Hay artistas sobre los que es difícil hablar sin separarlos de su propia mitología. En cuanto el análisis intenta volverse hacia la obra, se encuentra con cientos de distracciones, en tanto sabemos que las condiciones de su creación se hallan ligadas a hitos, a momentos cargados de significaciones y evocaciones.

Pocos movimientos en la historia literaria uruguaya generaron tal cantidad de esas figuras míticas como la generación del 45. Sus integrantes pasaron, durante su trayectoria intelectual, por dos momentos determinantes en la vida cultural uruguaya. Uno fundacional, el año 1945, con el fin de la Segunda Guerra Mundial y un enorme florecimiento de la actividad intelectual y artística en nuestro país, la creación de la Facultad de Humanidades, y una enorme actividad editorial en cuanto a la publicación de jóvenes escritores uruguayos, y de revistas literarias y culturales, de las cuales el semanario Marcha fue emblemático.
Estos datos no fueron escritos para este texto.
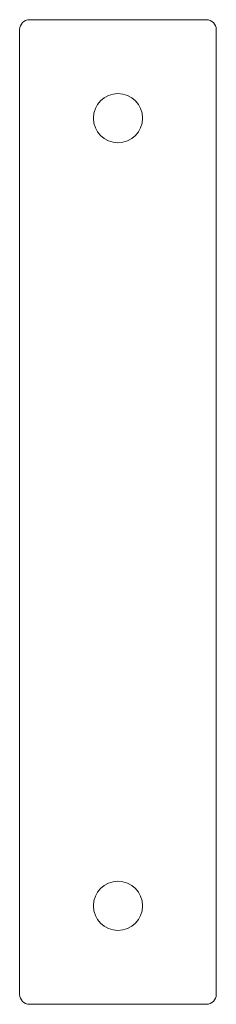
# Model space of a CAD drawing. Header units: millimetres. Extents: x 0 to 127, y 0 to 225.
import ezdxf

# ---------------------------------------------------------------- set-up
doc = ezdxf.new("R2010")
doc.units = ezdxf.units.MM

msp = doc.modelspace()

# ---------------------------------------------------------------- linework, layer by layer
at = {"color": 7, "linetype": 'Continuous', "lineweight": 15}
for p, q in [((108.25, 225.23), (126.25, 225.23)), ((107.25, 126.23), (107.25, 224.23)), ((127.25, 224.23), (127.25, 126.23)), ((126.25, 125.23), (108.25, 125.23))]:
    msp.add_line(p, q, dxfattribs=at)
for centre in [(117.25, 215.23), (117.25, 135.23)]:
    msp.add_circle(centre, 2.5, dxfattribs=at)
for centre, start, end in [((108.25, 224.23), 90, 180), ((126.25, 224.23), 0, 90), ((108.25, 126.23), 180, 270), ((126.25, 126.23), 270, 0)]:
    msp.add_arc(centre, 1, start, end, dxfattribs=at)

doc.saveas('drawing.dxf')

Y otro de clausura, el final de la década del 60 y luego los 70, cuando, pasada una efervescencia política en la que también los intelectuales y artistas tomaron posturas, el régimen cívico-militar terminó de desarticular el fecundo circuito cultural que se había gestado en los 25 años anteriores, en el que aquellos jóvenes del 45 comenzaban a volverse intelectuales maduros e influyentes.

De esta constelación, Idea Vilariño probablemente sea, al menos en visibilidad, la estrella femenina más brillante. Si bien su penetración popular no es tan profunda como la de otras figuras, como Mario Benedetti, es por lo menos perceptible, y tuvo su momento apoteósico con la interpretación de “Los orientales” que hicieran Los Olimareños en aquel legendario recital de 1984 en el estadio Centenario, donde miles de espectadores que retornaban de exilios e insilios hicieron catarsis de sus emociones contenidas en las palabras de Idea musicalizadas por Pepe Guerra. Estos coqueteos con la canción popular, sumados a la sencillez de vocabulario en su lenguaje poético, acercaban su obra a un público no especializado. Y, por otra parte, dentro de la narrativa épica de su generación, la gran tragedia romántica es esa tormentosa e indecisa historia de amor de Idea con Juan Carlos Onetti (a quien muchas veces entre los intelectuales de esta generación se ha atribuido el rol de “patriarca”, término actualmente poco simpático), un tentador culebrón que bien podría llenar cuatro temporadas de una serie de Netflix, y hace que parezca imposible aludir al libro Poemas de amor (1957) sin caer en interpretaciones biografistas o, peor aún, distraerse en el anecdotario de alcoba.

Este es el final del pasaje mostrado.